Ambiguity in freight clauses can create serious disputes. A charterer may say that freight is not yet payable because a documentary condition has not been satisfied. An owner may say that freight was earned earlier and that the payment wording only postpones the due date. A receiver may argue over freight collect wording at discharge. A bank may refuse documents if freight markings are inconsistent. These issues are avoidable if the freight clause is drafted as a complete commercial instruction rather than as a short formula copied from an old fixture.
Operational Importance of Freight Timing
The timing of freight payment affects cash flow, voyage finance, and commercial leverage. Shipowners often rely on freight receipts to cover voyage expenses, bunkers, port disbursements, canal dues, hire under a head time charter, mortgage commitments, and operating costs. Delayed freight can therefore create pressure even where the voyage is profitable on paper.Charterers also care about timing. Paying freight early may increase their exposure if the cargo is delayed, damaged, or lost. Paying freight late may help cash flow but may be unacceptable to the shipowner. The final agreement is therefore a negotiated allocation of risk. Strong markets often allow owners to demand prepaid or early-earned freight. Weaker markets may give charterers more room to negotiate payment after discharge or after presentation of documents.
Conclusion
Freight is normally earned when the voyage service has been performed and the cargo is ready for delivery at the agreed destination, unless the charterparty or bill of lading provides otherwise. Because this traditional rule places the risk of earning freight on the shipowner until the voyage is completed, dry cargo charterparties frequently alter the position by stating that freight is deemed earned on loading or on signing bills of lading.The phrase FDEDANRSAOCLONL is a compact chartering expression for Freight Deemed Earned, Discountless And Non-Returnable, Ship And/Or Cargo Lost Or Not Lost.
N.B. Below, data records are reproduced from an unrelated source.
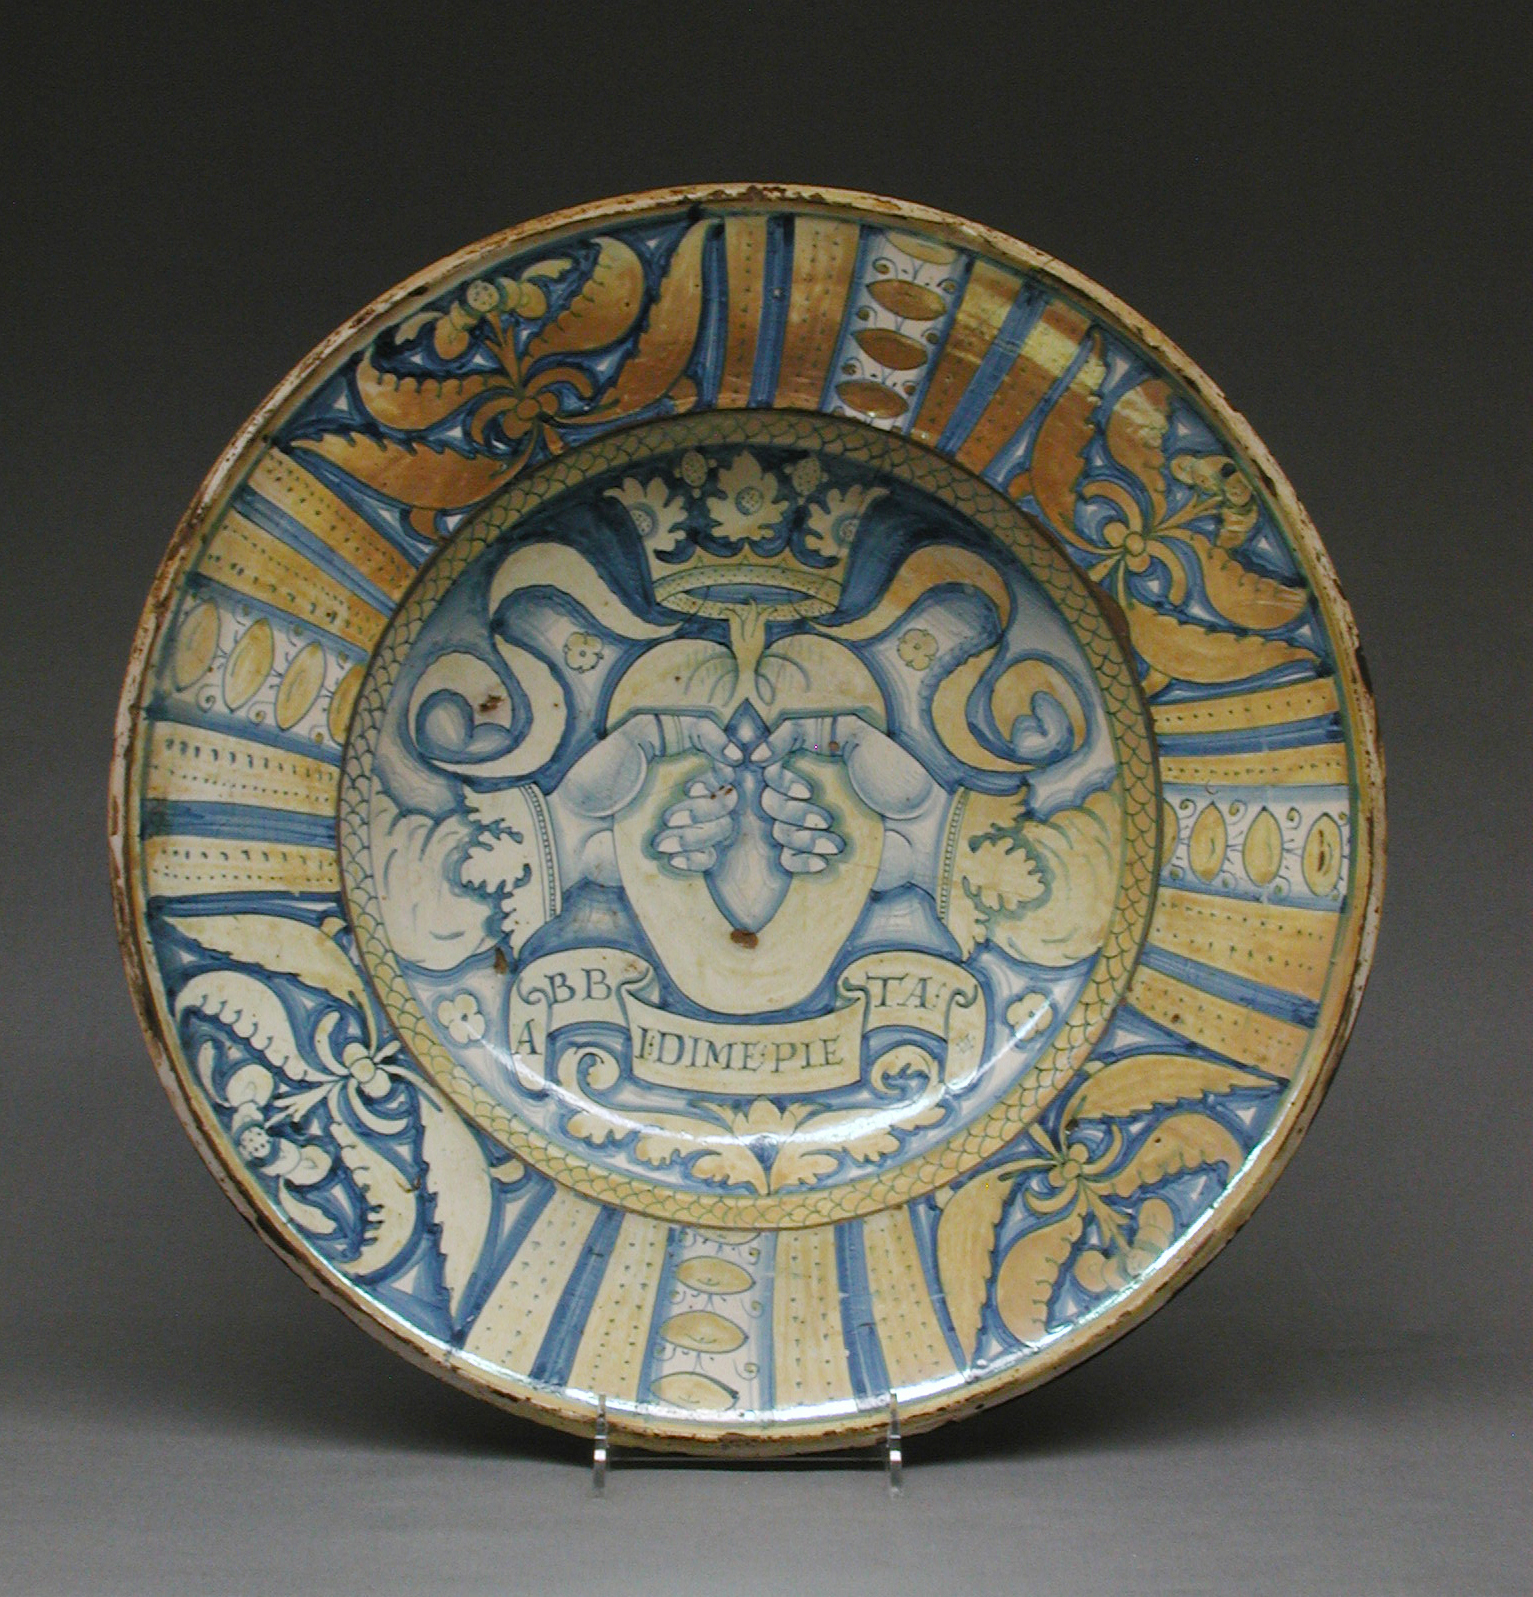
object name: dish
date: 1500-1510
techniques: maiolica, glazing
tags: coat of arms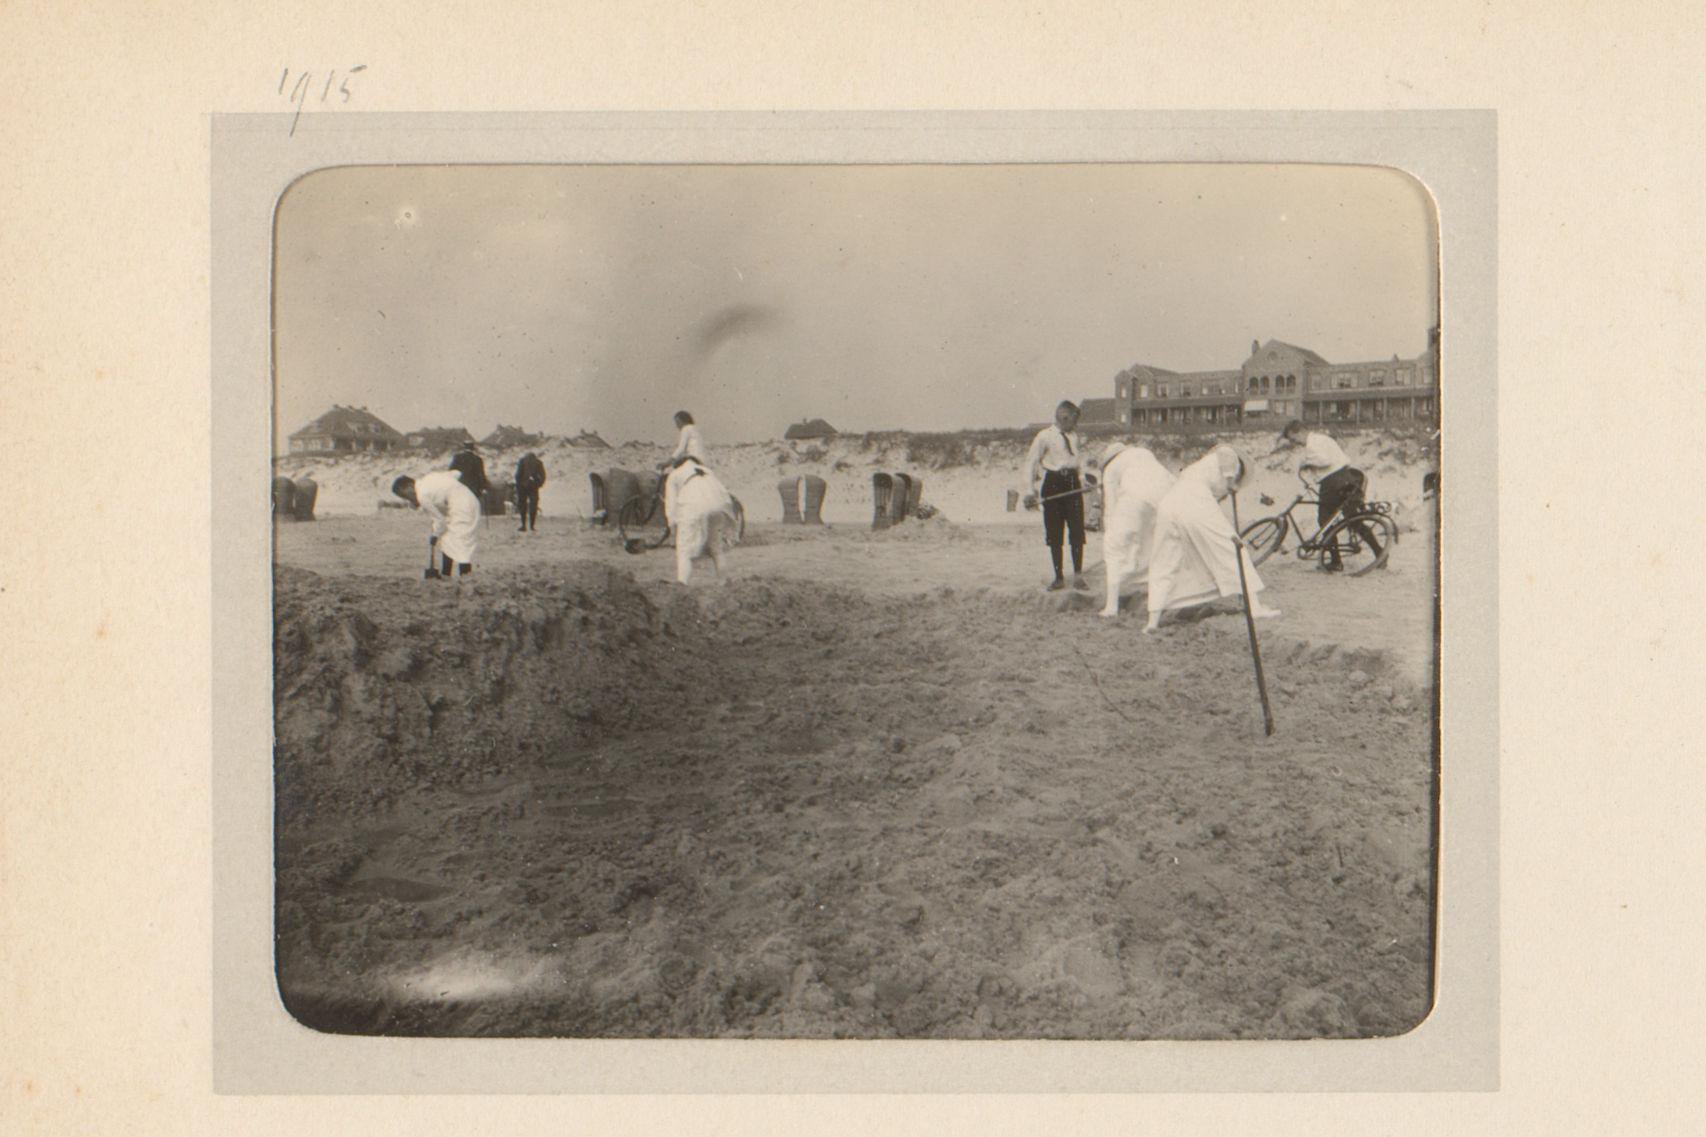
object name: photograph
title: Graafwerkzaamheden op het strand
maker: liesbeth overhoff
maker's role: fotograaf
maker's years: 1895-1969
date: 1915
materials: paper
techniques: gelatin silver print
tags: historical persons, digging (industrial process), beach
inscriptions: inscription: ‘1915’

Its purpose is to make freight payable and non-refundable even if the ship or cargo is later lost, provided the clause is properly incorporated and clearly drafted.
For shipowners, this wording protects the freight entitlement and improves cash-flow certainty. For charterers and cargo interests, it shifts commercial risk and makes freight insurance an important consideration. The safest approach is always to draft the freight clause clearly, align it with the bill of lading and payment arrangements, and understand exactly when freight is earned, when it is payable, and whether it can ever be returned.